Ribosomal and protein coding gene based multigene phylogeny on the family Streptomycetaceae.

The phylogenetic relationship among the three genera of the family Streptomycetaceae was examined using the small and large subunit ribosomal RNA genes, and the gyrB, rpoB, trpB, atpD and recA genes. The total stretches of the analyzed ribosomal genes were 4.2kb, and those of five protein coding genes were 4.5 kb. The resultant phylogenetic trees confirmed that each genus formed an independent clade in the majority of cases. The G+C contents of rRNA genes were 56.9-58.9 mol%, and those of protein coding genes were 65.4-72.4 mol%, the latter being closer to those of the genomic DNAs. The average nucleotide sequence identity between the organisms were 94.1-96.4% for rRNA genes and 85.7-90.6% for protein coding genes, thus indicating that protein coding genes can give higher resolution than rRNA genes. In addition, the protein coding gene trees were more stable than the rRNA gene trees, supported by higher bootstrap values and other treeing algorithms.
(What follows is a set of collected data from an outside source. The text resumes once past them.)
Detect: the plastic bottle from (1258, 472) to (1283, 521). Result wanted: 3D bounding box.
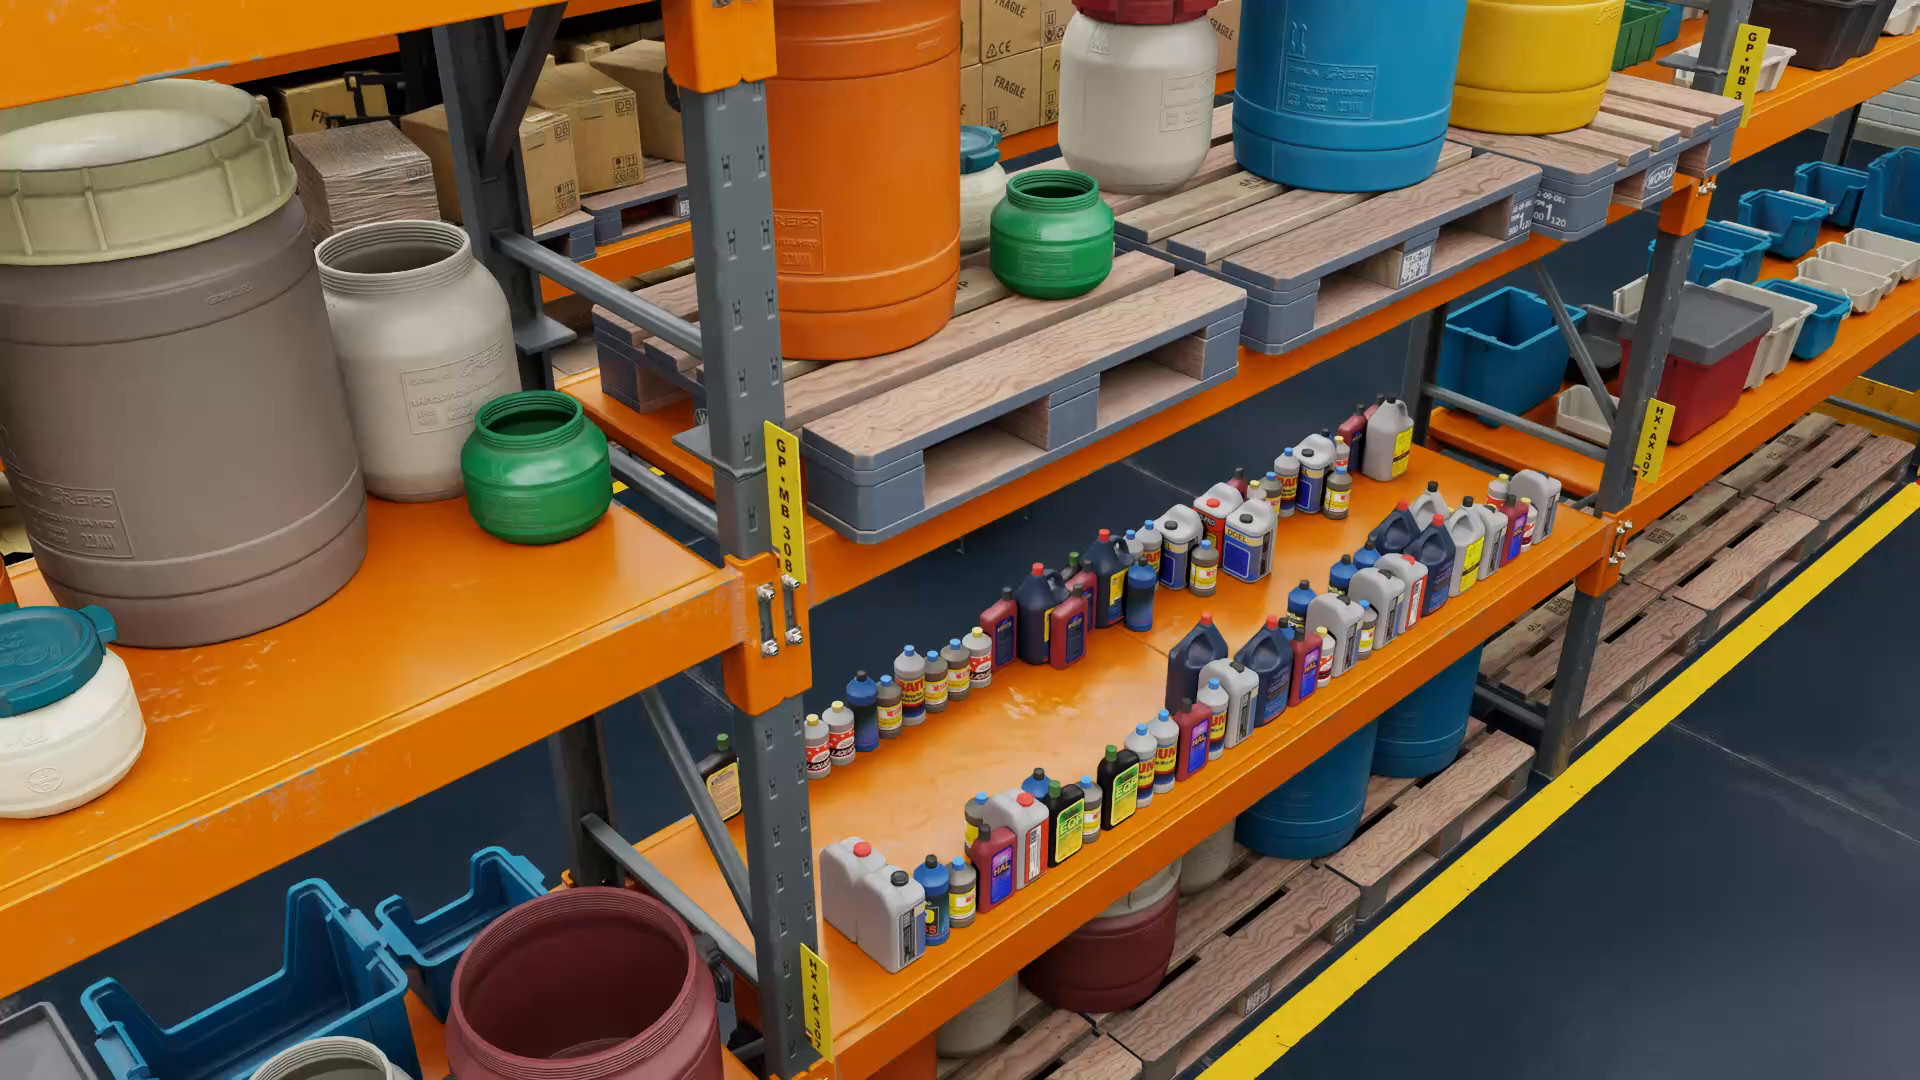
[{"bbox_3d":[1.175,-0.163,6.332,0.097,0.201,0.097,0,31,0],"label":"plastic bottle"}]

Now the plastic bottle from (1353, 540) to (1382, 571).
[{"bbox_3d":[1.411,0.124,5.795,0.097,0.271,0.097,0,31,0],"label":"plastic bottle"}]

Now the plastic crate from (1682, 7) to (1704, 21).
[{"bbox_3d":[2.890,-2.225,6.891,0.466,0.136,0.293,-26,40,-35],"label":"plastic crate"}]

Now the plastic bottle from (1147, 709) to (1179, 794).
[{"bbox_3d":[0.602,0.624,4.977,0.097,0.271,0.097,0,31,0],"label":"plastic bottle"}]

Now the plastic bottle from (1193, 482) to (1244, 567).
[{"bbox_3d":[0.939,-0.061,6.094,0.135,0.276,0.152,-26,40,-35],"label":"plastic bottle"}]

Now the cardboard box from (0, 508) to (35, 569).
[{"bbox_3d":[-4.298,0.096,7.413,0.500,0.311,0.500,-25,39,-34],"label":"cardboard box"}]

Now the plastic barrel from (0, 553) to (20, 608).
[{"bbox_3d":[-1.946,-0.065,2.694,0.708,0.830,0.600,-26,40,-35],"label":"plastic barrel"}]

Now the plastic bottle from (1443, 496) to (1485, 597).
[{"bbox_3d":[1.765,0.011,5.904,0.185,0.351,0.144,-26,40,-35],"label":"plastic bottle"}]

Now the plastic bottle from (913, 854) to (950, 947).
[{"bbox_3d":[-0.076,0.952,4.441,0.097,0.271,0.097,0,31,0],"label":"plastic bottle"}]

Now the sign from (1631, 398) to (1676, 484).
[{"bbox_3d":[2.589,-0.368,6.212,0.005,0.325,0.100,-26,40,-35],"label":"sign"}]

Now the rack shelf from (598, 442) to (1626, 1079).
[{"bbox_3d":[0.750,0.555,5.657,4.000,0.370,1.077,-26,40,-35],"label":"rack shelf"}]

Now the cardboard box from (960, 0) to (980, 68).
[{"bbox_3d":[-0.234,-3.069,9.840,0.500,0.500,0.500,-27,41,-37],"label":"cardboard box"}]

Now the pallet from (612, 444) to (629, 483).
[{"bbox_3d":[-2.614,-0.430,9.251,1.213,0.211,1.003,-26,40,-35],"label":"pallet"}]

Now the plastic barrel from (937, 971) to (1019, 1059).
[{"bbox_3d":[-0.016,1.425,5.526,0.421,0.512,0.421,0,31,0],"label":"plastic barrel"}]

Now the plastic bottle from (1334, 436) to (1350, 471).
[{"bbox_3d":[1.488,-0.314,6.579,0.097,0.201,0.097,0,31,0],"label":"plastic bottle"}]

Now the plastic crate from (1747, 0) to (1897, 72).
[{"bbox_3d":[3.314,-2.021,6.430,0.590,0.269,0.497,-26,40,-35],"label":"plastic crate"}]

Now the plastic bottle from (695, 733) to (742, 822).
[{"bbox_3d":[-0.710,0.701,4.841,0.133,0.283,0.061,-26,40,-35],"label":"plastic bottle"}]

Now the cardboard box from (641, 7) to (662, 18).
[{"bbox_3d":[-2.631,-4.625,14.810,0.250,0.149,0.380,-25,40,-35],"label":"cardboard box"}]

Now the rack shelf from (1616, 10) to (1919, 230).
[{"bbox_3d":[3.683,-2.143,7.194,4.000,0.370,1.077,-26,40,-35],"label":"rack shelf"}]

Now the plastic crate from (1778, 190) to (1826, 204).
[{"bbox_3d":[4.453,-1.749,8.931,0.298,0.136,0.250,-26,40,-35],"label":"plastic crate"}]

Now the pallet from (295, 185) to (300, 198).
[{"bbox_3d":[-5.034,-2.759,13.060,1.213,0.211,1.003,-26,40,-35],"label":"pallet"}]

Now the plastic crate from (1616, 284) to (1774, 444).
[{"bbox_3d":[3.042,-0.735,6.958,0.583,0.464,0.402,-26,40,-35],"label":"plastic crate"}]

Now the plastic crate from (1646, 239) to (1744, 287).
[{"bbox_3d":[3.559,-1.299,8.102,0.300,0.233,0.416,-26,40,-35],"label":"plastic crate"}]

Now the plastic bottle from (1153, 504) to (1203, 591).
[{"bbox_3d":[0.769,0.021,5.960,0.135,0.276,0.152,-26,40,-35],"label":"plastic bottle"}]

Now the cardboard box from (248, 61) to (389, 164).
[{"bbox_3d":[-4.908,-3.233,12.820,0.750,0.750,0.750,-25,40,-35],"label":"cardboard box"}]

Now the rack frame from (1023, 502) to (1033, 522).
[{"bbox_3d":[0.300,-0.657,8.675,0.015,1.200,0.240,-26,40,-35],"label":"rack frame"}]

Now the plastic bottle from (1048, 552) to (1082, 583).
[{"bbox_3d":[0.361,0.182,5.688,0.133,0.283,0.061,-26,40,-35],"label":"plastic bottle"}]

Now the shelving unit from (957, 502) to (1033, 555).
[{"bbox_3d":[0.121,-0.571,8.533,0.503,1.200,0.258,-26,40,-35],"label":"shelving unit"}]

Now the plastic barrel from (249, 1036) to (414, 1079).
[{"bbox_3d":[-1.326,1.356,3.549,0.421,0.512,0.421,0,31,0],"label":"plastic barrel"}]

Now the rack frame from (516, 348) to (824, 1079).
[{"bbox_3d":[-0.717,0.958,4.309,0.127,3.000,1.000,-26,40,-35],"label":"rack frame"}]

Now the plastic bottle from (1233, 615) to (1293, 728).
[{"bbox_3d":[0.957,0.402,5.265,0.185,0.351,0.144,-26,40,-35],"label":"plastic bottle"}]

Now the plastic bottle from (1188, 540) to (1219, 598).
[{"bbox_3d":[0.867,0.094,5.912,0.097,0.201,0.097,0,31,0],"label":"plastic bottle"}]

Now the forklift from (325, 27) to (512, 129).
[{"bbox_3d":[-3.799,-3.066,10.954,3.031,2.935,1.130,-6,32,-9],"label":"forklift"}]

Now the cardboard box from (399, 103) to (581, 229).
[{"bbox_3d":[-2.402,-1.929,8.531,0.700,0.500,0.500,18,36,27],"label":"cardboard box"}]

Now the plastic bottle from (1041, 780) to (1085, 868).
[{"bbox_3d":[0.289,0.783,4.706,0.133,0.283,0.061,-26,40,-35],"label":"plastic bottle"}]

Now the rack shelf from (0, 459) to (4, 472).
[{"bbox_3d":[-5.548,0.078,6.437,4.000,0.370,1.077,-26,40,-35],"label":"rack shelf"}]

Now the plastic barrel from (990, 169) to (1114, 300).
[{"bbox_3d":[0.217,-0.723,3.928,0.294,0.245,0.294,0,31,0],"label":"plastic barrel"}]

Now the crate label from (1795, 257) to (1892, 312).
[{"bbox_3d":[4.265,-1.229,8.080,0.243,0.136,0.396,-26,40,-35],"label":"crate label"}]

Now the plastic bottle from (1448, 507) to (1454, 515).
[{"bbox_3d":[1.781,-0.025,6.105,0.097,0.201,0.097,0,31,0],"label":"plastic bottle"}]

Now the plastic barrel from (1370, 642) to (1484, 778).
[{"bbox_3d":[1.806,0.441,6.762,0.708,0.901,0.600,-26,40,-35],"label":"plastic barrel"}]

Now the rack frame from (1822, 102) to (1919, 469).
[{"bbox_3d":[5.150,-1.880,8.949,0.127,3.000,1.000,-26,40,-35],"label":"rack frame"}]

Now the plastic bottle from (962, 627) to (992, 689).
[{"bbox_3d":[0.056,0.378,5.447,0.097,0.201,0.097,0,31,0],"label":"plastic bottle"}]

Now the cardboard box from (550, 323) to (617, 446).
[{"bbox_3d":[-2.052,-0.844,9.230,0.500,0.500,0.500,-25,39,-35],"label":"cardboard box"}]

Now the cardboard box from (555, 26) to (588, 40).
[{"bbox_3d":[-3.379,-4.262,14.216,0.250,0.149,0.380,-25,40,-35],"label":"cardboard box"}]

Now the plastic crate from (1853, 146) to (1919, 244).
[{"bbox_3d":[5.031,-1.731,8.613,0.499,0.435,0.616,-26,40,-35],"label":"plastic crate"}]

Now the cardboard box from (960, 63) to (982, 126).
[{"bbox_3d":[-0.216,-2.659,10.128,0.500,0.500,0.500,-25,39,-35],"label":"cardboard box"}]

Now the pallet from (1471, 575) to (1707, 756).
[{"bbox_3d":[2.729,0.453,7.807,1.213,0.211,1.003,-26,40,-35],"label":"pallet"}]

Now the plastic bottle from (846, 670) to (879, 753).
[{"bbox_3d":[-0.301,0.521,5.146,0.097,0.271,0.097,0,31,0],"label":"plastic bottle"}]

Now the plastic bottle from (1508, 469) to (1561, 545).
[{"bbox_3d":[2.147,-0.145,6.231,0.135,0.276,0.152,-26,40,-35],"label":"plastic bottle"}]

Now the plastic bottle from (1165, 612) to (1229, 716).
[{"bbox_3d":[0.755,0.391,5.282,0.185,0.351,0.144,-26,40,-35],"label":"plastic bottle"}]

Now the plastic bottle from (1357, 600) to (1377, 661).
[{"bbox_3d":[1.344,0.295,5.583,0.097,0.201,0.097,0,31,0],"label":"plastic bottle"}]

Moreover, the genome data of six Streptomyces species indicated that many protein coding genes exhibited higher correlations with genome relatedness. The combined gene sequences were also shown to give a better resolution with higher stability than any single genes, though not necessarily more correlated with genome relatedness. It is evident from this study that the rRNA gene based phylogeny can be misleading, and also that protein coding genes have a number of advantages over the rRNA genes as the phylogenetic markers including a high correlation with the genome relatedness.